L’exploration du génome humain a évolué depuis quelques années, sa connaissance a permis de découvrir les processus donnant naissance aux maladies. Ce savoir génétique contribue à la conception et à la formation d’une nouvelle génération de médicaments qui permettra de traiter la maladie à sa base. L’identification d’un gène définit la cause du problème, donc ce ne seront plus les conséquences de la maladie qui seront traitées mais ses causes. Deux études récentes ont montré une amélioration de la fibrose chez le rat par transfert de gènes avec des vecteurs adénoviraux codant pour deux types de protéases matricielles, la MMP-1 et la MMP-8. La thérapie cellulaire par des cellules souches médullaires a donné aussi expérimentalement des résultats très intéressants en permettant une certaine réversibilité par stimulation de la dégradation de la fibrose (104).
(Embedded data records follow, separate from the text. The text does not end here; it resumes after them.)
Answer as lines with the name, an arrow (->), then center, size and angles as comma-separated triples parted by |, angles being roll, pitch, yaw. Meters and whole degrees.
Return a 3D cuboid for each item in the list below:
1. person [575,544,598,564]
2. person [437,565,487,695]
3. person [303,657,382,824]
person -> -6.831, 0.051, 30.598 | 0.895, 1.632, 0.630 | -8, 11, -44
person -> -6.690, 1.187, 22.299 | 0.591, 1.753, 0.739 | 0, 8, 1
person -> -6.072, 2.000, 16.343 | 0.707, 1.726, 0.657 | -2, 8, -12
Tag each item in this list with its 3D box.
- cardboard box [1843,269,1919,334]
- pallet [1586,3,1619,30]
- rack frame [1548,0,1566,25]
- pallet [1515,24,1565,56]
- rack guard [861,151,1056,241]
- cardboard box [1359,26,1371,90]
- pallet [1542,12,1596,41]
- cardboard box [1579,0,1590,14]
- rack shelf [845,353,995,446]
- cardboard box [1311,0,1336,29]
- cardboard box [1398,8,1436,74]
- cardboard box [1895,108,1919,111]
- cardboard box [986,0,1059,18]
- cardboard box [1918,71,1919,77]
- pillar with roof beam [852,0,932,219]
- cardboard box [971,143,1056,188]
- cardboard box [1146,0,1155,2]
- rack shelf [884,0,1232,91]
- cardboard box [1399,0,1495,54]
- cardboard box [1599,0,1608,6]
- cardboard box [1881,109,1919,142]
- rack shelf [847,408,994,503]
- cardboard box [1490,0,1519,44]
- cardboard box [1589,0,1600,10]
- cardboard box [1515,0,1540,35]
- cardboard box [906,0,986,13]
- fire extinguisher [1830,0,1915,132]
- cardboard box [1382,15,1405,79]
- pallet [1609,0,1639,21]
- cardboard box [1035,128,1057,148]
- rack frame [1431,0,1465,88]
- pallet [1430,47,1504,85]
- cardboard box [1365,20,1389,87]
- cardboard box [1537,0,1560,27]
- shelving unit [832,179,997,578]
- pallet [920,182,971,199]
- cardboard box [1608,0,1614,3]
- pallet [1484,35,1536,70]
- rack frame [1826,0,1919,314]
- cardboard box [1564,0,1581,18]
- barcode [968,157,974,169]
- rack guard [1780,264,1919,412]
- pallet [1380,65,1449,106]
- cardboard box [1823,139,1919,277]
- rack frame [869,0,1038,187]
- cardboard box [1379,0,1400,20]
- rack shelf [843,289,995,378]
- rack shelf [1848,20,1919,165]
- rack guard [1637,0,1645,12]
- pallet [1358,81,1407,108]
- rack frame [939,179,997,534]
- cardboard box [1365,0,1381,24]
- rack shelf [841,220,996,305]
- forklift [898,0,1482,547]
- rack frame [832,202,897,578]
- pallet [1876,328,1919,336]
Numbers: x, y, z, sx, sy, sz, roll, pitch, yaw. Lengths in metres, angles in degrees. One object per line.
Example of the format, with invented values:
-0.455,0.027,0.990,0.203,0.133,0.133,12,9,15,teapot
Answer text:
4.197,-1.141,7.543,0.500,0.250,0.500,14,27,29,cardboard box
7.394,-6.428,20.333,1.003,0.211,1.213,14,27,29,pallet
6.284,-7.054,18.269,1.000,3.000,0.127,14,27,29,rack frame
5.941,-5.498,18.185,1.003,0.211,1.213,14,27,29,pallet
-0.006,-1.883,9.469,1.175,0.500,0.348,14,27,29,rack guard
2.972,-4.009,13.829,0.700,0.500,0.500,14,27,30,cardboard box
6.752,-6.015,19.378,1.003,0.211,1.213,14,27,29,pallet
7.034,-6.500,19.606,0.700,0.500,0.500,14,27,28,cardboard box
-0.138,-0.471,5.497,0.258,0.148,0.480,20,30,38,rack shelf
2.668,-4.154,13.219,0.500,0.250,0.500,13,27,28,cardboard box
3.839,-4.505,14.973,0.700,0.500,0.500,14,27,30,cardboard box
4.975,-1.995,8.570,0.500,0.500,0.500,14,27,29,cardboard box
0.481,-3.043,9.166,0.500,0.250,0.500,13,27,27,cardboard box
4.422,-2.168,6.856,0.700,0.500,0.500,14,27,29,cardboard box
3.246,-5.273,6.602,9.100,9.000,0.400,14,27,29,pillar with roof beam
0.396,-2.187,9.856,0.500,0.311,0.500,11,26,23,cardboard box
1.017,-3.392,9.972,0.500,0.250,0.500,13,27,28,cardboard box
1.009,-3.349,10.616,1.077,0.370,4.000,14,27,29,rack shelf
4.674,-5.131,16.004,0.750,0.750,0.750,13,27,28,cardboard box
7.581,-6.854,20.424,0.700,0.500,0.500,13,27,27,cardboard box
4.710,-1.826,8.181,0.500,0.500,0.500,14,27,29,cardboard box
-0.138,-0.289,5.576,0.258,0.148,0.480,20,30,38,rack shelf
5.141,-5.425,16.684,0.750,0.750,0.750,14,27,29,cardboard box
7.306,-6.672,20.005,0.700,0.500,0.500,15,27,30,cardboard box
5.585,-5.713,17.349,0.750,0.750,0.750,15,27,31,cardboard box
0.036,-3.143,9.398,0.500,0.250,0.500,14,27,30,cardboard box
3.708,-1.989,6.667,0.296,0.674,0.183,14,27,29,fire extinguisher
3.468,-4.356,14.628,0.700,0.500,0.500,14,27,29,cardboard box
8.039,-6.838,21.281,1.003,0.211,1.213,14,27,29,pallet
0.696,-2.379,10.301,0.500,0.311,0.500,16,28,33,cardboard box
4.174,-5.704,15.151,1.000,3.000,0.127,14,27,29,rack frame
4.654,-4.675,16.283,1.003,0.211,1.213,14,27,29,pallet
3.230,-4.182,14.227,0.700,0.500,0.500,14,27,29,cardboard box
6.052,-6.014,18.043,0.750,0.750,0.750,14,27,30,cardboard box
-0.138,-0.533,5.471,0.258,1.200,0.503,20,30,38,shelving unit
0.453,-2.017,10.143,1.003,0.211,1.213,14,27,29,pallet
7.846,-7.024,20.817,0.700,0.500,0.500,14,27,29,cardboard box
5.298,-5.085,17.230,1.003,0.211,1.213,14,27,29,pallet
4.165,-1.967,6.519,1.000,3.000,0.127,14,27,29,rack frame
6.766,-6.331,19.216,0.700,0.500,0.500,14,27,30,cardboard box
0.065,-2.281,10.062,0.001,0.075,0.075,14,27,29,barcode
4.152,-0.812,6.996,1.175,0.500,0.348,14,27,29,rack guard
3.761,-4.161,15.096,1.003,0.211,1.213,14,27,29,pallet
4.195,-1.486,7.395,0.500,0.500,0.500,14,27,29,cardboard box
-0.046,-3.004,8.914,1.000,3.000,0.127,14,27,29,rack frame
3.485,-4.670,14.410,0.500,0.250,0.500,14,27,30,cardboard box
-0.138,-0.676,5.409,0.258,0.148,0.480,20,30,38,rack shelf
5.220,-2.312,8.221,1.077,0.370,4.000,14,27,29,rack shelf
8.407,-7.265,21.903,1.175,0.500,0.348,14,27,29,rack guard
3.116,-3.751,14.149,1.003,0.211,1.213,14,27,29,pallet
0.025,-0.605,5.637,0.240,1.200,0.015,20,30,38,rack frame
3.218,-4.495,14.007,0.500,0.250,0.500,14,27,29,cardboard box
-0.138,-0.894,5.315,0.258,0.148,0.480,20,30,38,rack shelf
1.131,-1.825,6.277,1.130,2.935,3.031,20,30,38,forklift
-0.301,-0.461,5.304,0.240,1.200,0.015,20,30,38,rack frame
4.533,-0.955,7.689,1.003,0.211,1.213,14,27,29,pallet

f. Réversibilité de la fibrose

Dans la plupart des cas, la fibrose hépatique se constitue de façon irréversible. Cette irréversibilité est liée à la création de pontages à la fois intra et inter moléculaires entre ses différents composants. Ces pontages contribuent à former des noyaux centraux pyridinoliniques reliant trois fibres de collagène. Les fibres de collagène ainsi réticulées deviennent insensibles à la protéolyse et le noyau de pyridinoline apparaît comme un marqueur d'irréversibilité de fibrose (18).

La régression de la fibrose et même de la cirrhose à un stade précoce, a été décrite lors de l'éradication de l'agent causal de l'hépatopathie et tout

particulièrement dans le VHC chronique lors de réponse prolongée à un traitement d'IFN-α associé ou non à la ribavirine (105).